There are two general types of memory: static memory and dynamic memory. Static memory holds any data that is determined at compile time, like static variables (regardless of scope) or global variables. Dynamic memory holds any data that is created and destroyed during the program’s runtime. Dynamic memory, in turn, is divided into stack memory and heap memory. Heap memory (sometimes called the “free store”) is either managed by the programmer explicitly (C or C++), a managed runtime environment (Java or C#), or an interpreter (Ruby, PHP, or JavaScript). In C++, memory is allocated on the heap using the new keyword, and de-allocated using the delete keyword. C uses the malloc(), calloc(), and free() functions from stdlib.h.

Stack memory is the type of memory that we are concerned with here. It is so called because it is managed like a first-in-last-out stack, so the last thing allocated on the stack must be de-allocated before anything else on the stack is de-allocated. This does not mean that the memory must be accessed in a first-in-last-out fashion; it is still random access memory. This makes stack memory very easy to work with. If you know the order in which variables are created, you automatically know their memory locations, as offsets from the top of the stack.

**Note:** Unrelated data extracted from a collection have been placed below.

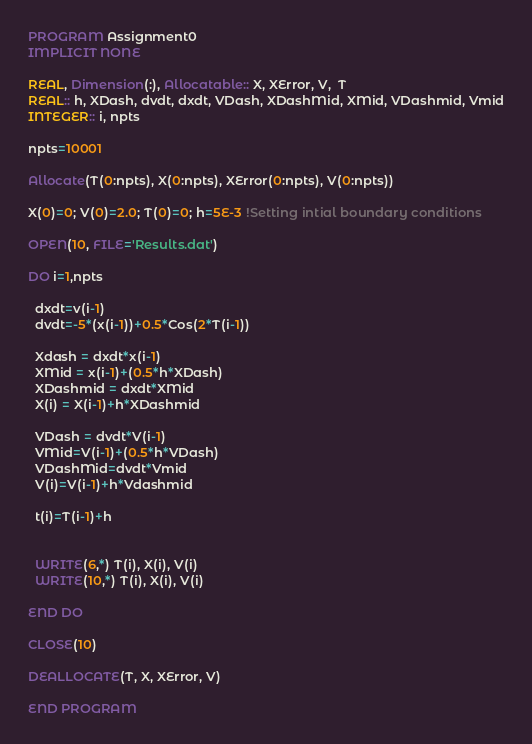Convert code to text. <code><loc_0><loc_0><loc_500><loc_500><_FORTRAN_>PROGRAM Assignment0
IMPLICIT NONE

REAL, Dimension(:), Allocatable:: X, XError, V,  T 
REAL:: h, XDash, dvdt, dxdt, VDash, XDashMid, XMid, VDashmid, Vmid
INTEGER:: i, npts

npts=10001

Allocate(T(0:npts), X(0:npts), XError(0:npts), V(0:npts))

X(0)=0; V(0)=2.0; T(0)=0; h=5E-3 !Setting intial boundary conditions

OPEN(10, FILE='Results.dat')

DO i=1,npts  
  
  dxdt=v(i-1)
  dvdt=-5*(x(i-1))+0.5*Cos(2*T(i-1))
  
  Xdash = dxdt*x(i-1)
  XMid = x(i-1)+(0.5*h*XDash)
  XDashmid = dxdt*XMid
  X(i) = X(i-1)+h*XDashmid 

  VDash = dvdt*V(i-1)
  VMid=V(i-1)+(0.5*h*VDash)
  VDashMid=dvdt*Vmid
  V(i)=V(i-1)+h*Vdashmid

  t(i)=T(i-1)+h


  WRITE(6,*) T(i), X(i), V(i)
  WRITE(10,*) T(i), X(i), V(i)

END DO

CLOSE(10)

DEALLOCATE(T, X, XError, V)

END PROGRAM 



</code> 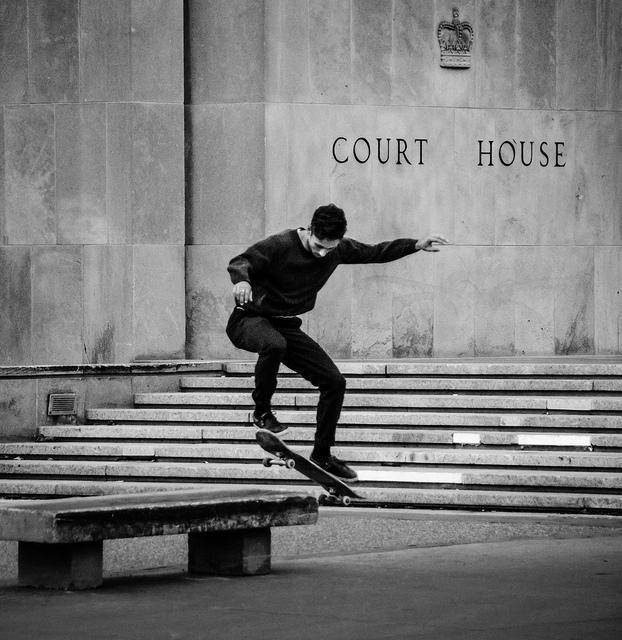In what type setting does the skateboarder skate here?
Choose the correct response and explain in the format: 'Answer: answer
Rationale: rationale.'
Options: Desert, farm, suburban, urban. Answer: urban.
Rationale: The skater is in front of the court house in a cement courtyard. 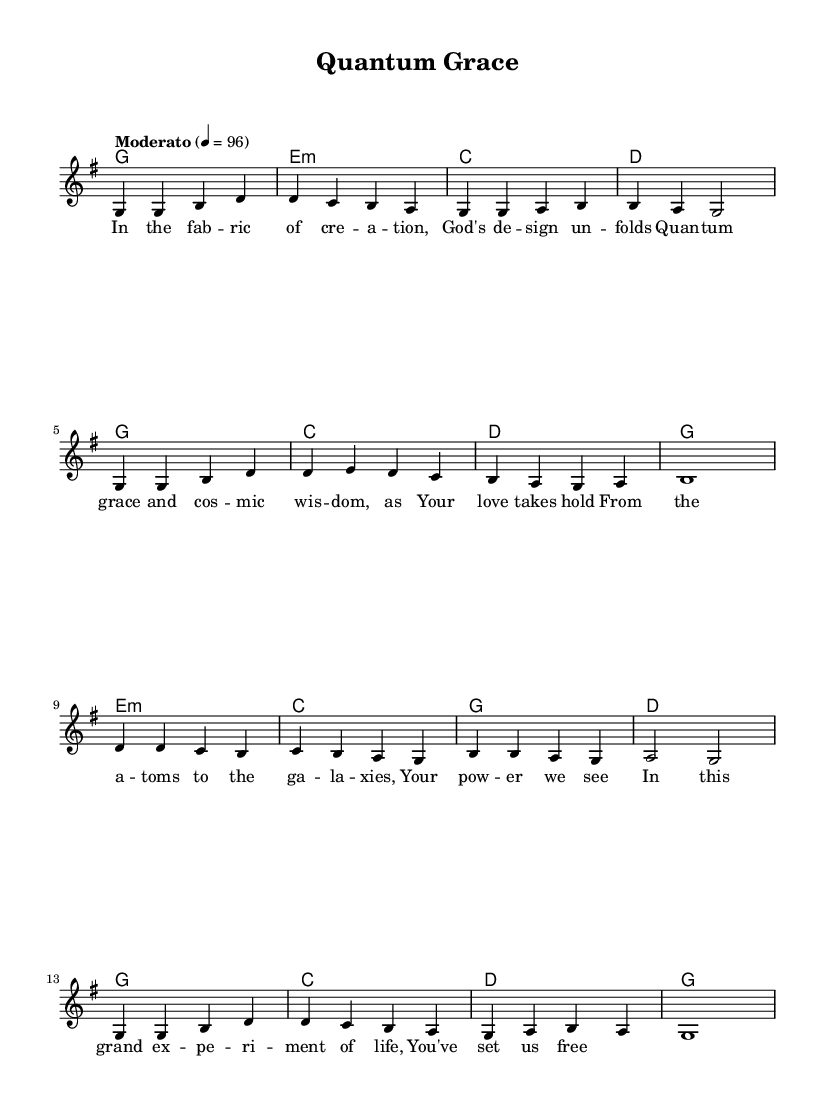What is the key signature of this music? The key signature is G major, which has one sharp (F#). This can be determined by looking at the top of the sheet music where the key signature is indicated.
Answer: G major What is the time signature of this music? The time signature is 4/4, which means there are four beats per measure and the quarter note gets one beat. This can be identified from the time signature notation located at the beginning of the staff.
Answer: 4/4 What is the tempo marking of this piece? The tempo marking is "Moderato" with a metronome mark of 96 beats per minute. This is indicated near the beginning of the score where tempo is specified.
Answer: Moderato How many measures are in the melody? The melody consists of 16 measures. This can be counted by looking at how the melody is divided across the staff lines and how many vertical lines (barlines) are present.
Answer: 16 What is the first lyric line of the song? The first lyric line is "In the fab -- ric of cre -- a -- tion." This can be found directly beneath the melody notes where the lyrics are printed aligning with the corresponding notes.
Answer: In the fab -- ric of cre -- a -- tion Which chord follows the initial G major chord? The chord that follows the initial G major chord is E minor. This can be determined by looking closely at the chord progression indicated above the staff, following the G major (g1) at the start.
Answer: E minor What theme is reflected in the lyrics of this song? The theme reflected in the lyrics is creation and God's power. This can be inferred from phrases discussing creation, atoms, galaxies, and divine wisdom present in the lyrics.
Answer: Creation and God's power 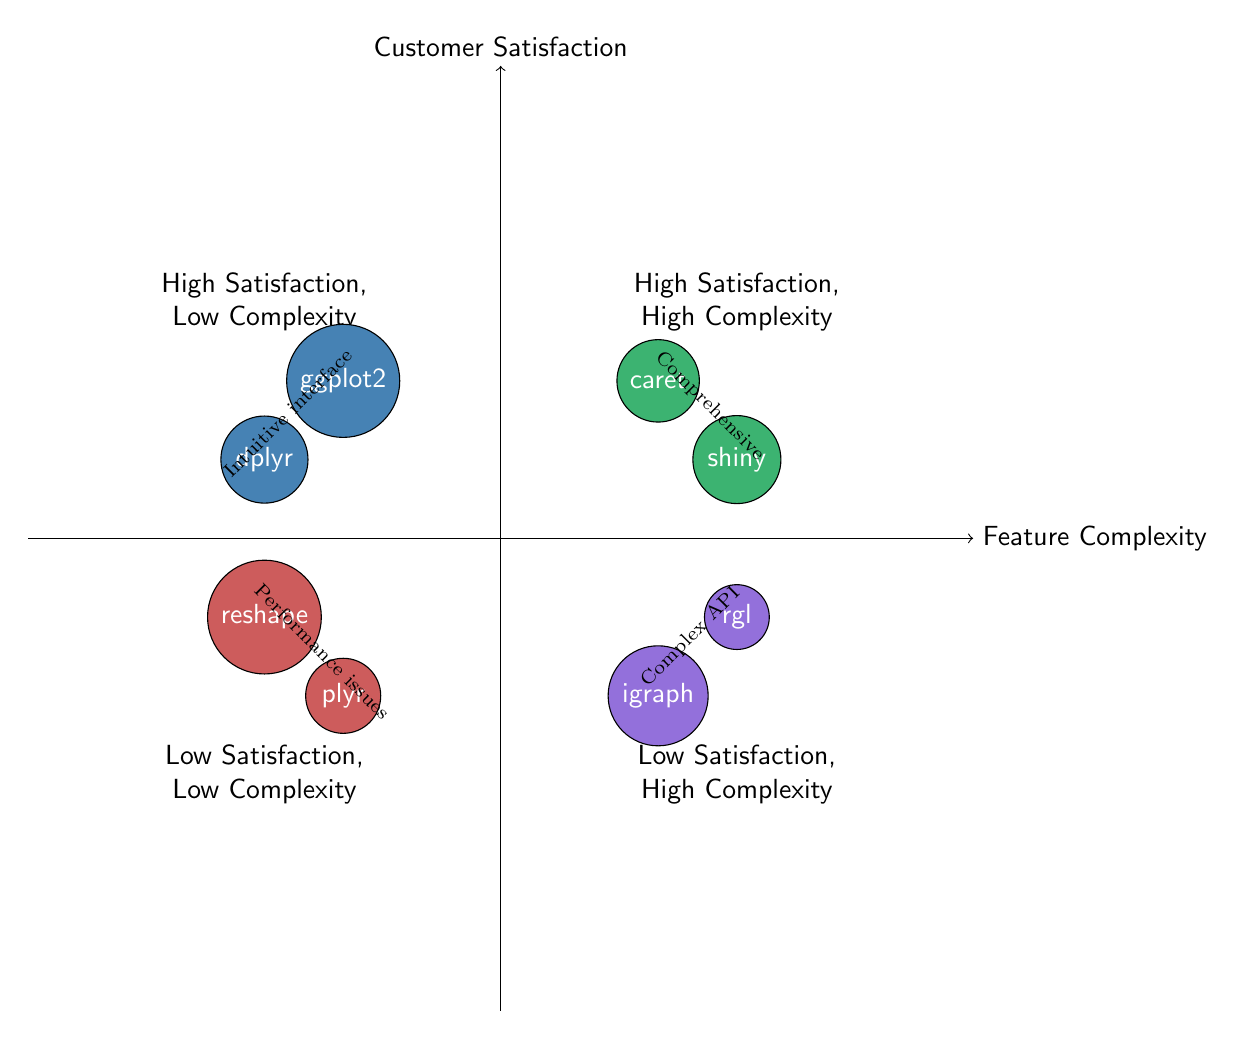What packages are in the High Satisfaction, Low Complexity quadrant? The High Satisfaction, Low Complexity quadrant contains the packages ggplot2 and dplyr, which are positioned in the upper left section of the diagram.
Answer: ggplot2, dplyr How many packages are in the Low Satisfaction, High Complexity quadrant? The Low Satisfaction, High Complexity quadrant includes the packages igraph and rgl, giving a total count of two packages in this section of the diagram.
Answer: 2 What is the primary drawback of the plyr package? The diagram specifies that the plyr package is often criticized for performance issues, as noted by the connecting label in the Low Satisfaction, Low Complexity quadrant.
Answer: Performance issues Which package offers comprehensive functionalities but has a steep learning curve? The caretaker package falls into the High Satisfaction, High Complexity quadrant, and is described as being valued for its comprehensiveness but with a notable learning curve.
Answer: caret Which quadrant contains both high satisfaction and low complexity? The upper left quadrant of the diagram denotes high satisfaction and low complexity, which is explicitly labeled as High Satisfaction, Low Complexity.
Answer: High Satisfaction, Low Complexity What is the relationship between igraph and rgl? Both igraph and rgl are positioned in the Low Satisfaction, High Complexity quadrant; a connecting label indicates that igraph offers advanced tools with steep learning requirements, while rgl has a complex API.
Answer: Complex API Which quadrant contains packages that are simple but criticized? The packages plyr and reshape fall into the Low Satisfaction, Low Complexity quadrant, indicating that they are simple yet criticized for their limitations.
Answer: Low Satisfaction, Low Complexity How does the satisfaction level change from dplyr to igraph? Transitioning from dplyr in the High Satisfaction, Low Complexity quadrant to igraph in the Low Satisfaction, High Complexity quadrant represents a shift from high satisfaction to low satisfaction, indicating potential user dissatisfaction with increased complexity.
Answer: High to Low Satisfaction 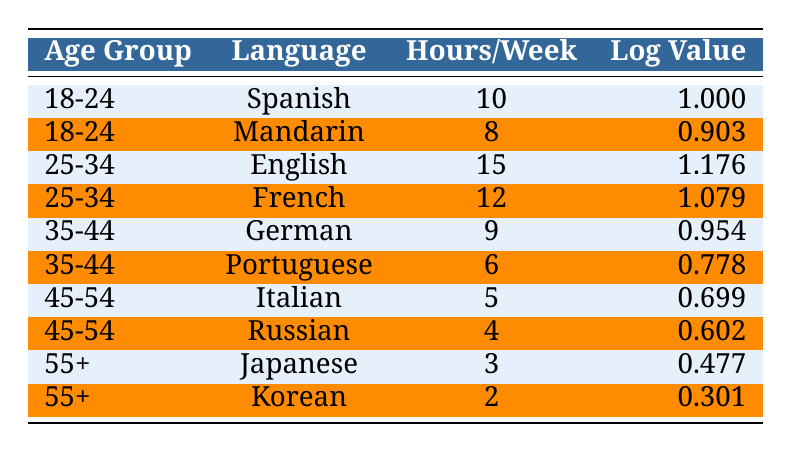What is the language preference for the age group 18-24? The table indicates that there are two language preferences for the age group 18-24: Spanish and Mandarin.
Answer: Spanish and Mandarin Which age group has the highest hours per week for reading? By scanning through the hours per week column, the age group 25-34 has the highest reading hours, specifically with English at 15 hours.
Answer: 25-34 What is the log value for reading hours in Italian for the age group 45-54? The log value for Italian, which is the language preference for the age group 45-54, is found directly in the table as 0.699.
Answer: 0.699 Is it true that the language preference with the highest log value is English? By examining the log values in the table, the highest log value is actually 1.176, which corresponds to English, confirming that the statement is true.
Answer: Yes What is the average hours per week for all age groups combined? To find the average, sum the hours (10 + 8 + 15 + 12 + 9 + 6 + 5 + 4 + 3 + 2 = 74) and divide by the total number of entries (10). So, 74 / 10 = 7.4 hours per week is the average.
Answer: 7.4 Which language preference from the age group 35-44 has a lower log value, German or Portuguese? The log values for German and Portuguese are compared and found to be 0.954 and 0.778, respectively. Therefore, Portuguese has the lower log value.
Answer: Portuguese What is the total number of hours per week for the age group 55+? By adding up the hours for the age group 55+ (3 hours for Japanese and 2 hours for Korean), the total is 5 hours per week.
Answer: 5 Which age group has the least number of hours read per week? Reviewing the hours per week for each age group, the age group 55+ has the least with 3 hours for Japanese and 2 hours for Korean.
Answer: 55+ 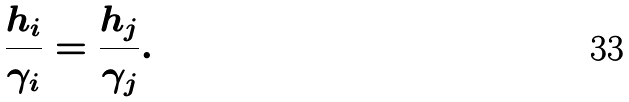<formula> <loc_0><loc_0><loc_500><loc_500>\frac { h _ { i } } { \gamma _ { i } } = \frac { h _ { j } } { \gamma _ { j } } .</formula> 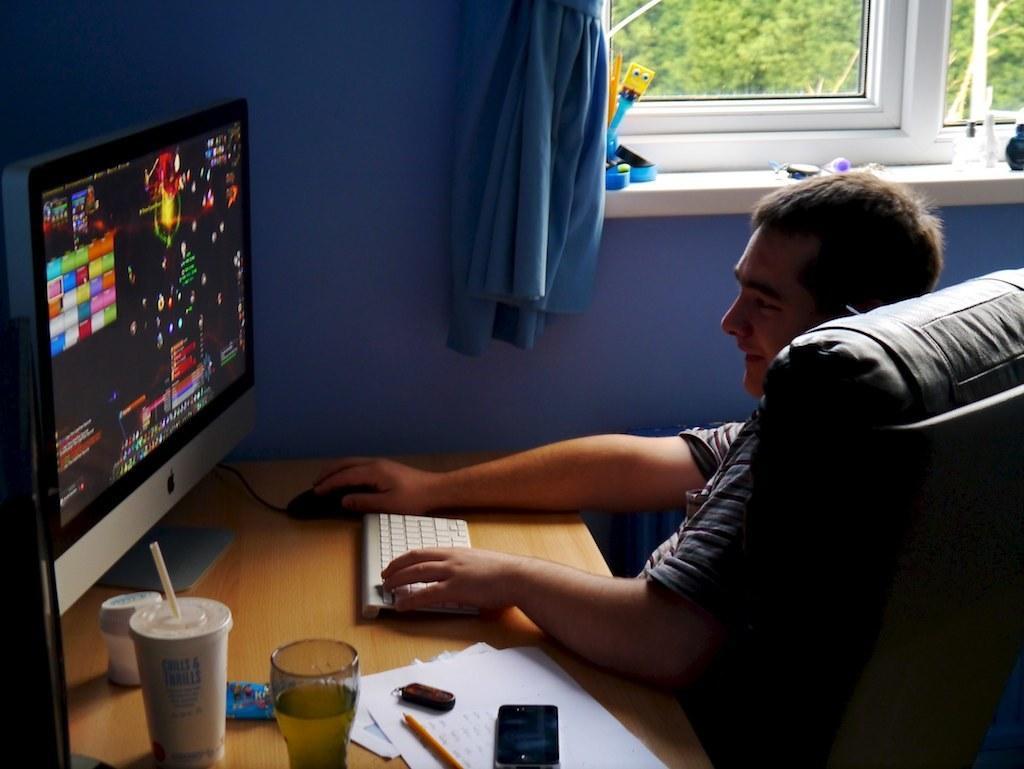Please provide a concise description of this image. In this image there is a man who is sitting in the chair and playing the game in the computer. There is a table in front of him on which there is key board,cup,glass,paper and pen. Beside the man there is wall,window and the curtain.

Whenever a function is called, a stack frame is created. A stack frame is a series of values that are pushed onto stack memory, in a pre-determined order, every time there is a change in scope. For a function call, the stack frame includes:

• The address of the caller
• The current location of the top of the stack
• The values of any registers that will be overwritten (“clobbered”) as the function executes
• The actual arguments (if any are passed)
• The (non-static) local variables

Who saves and restores these values (caller/callee), and in which order, is dependent upon the machine architecture and the operating system. And stack frames may contain additional information (for example, a method’s stack frame will contain the location of its associated object). But all stack frames store this information in some form or another.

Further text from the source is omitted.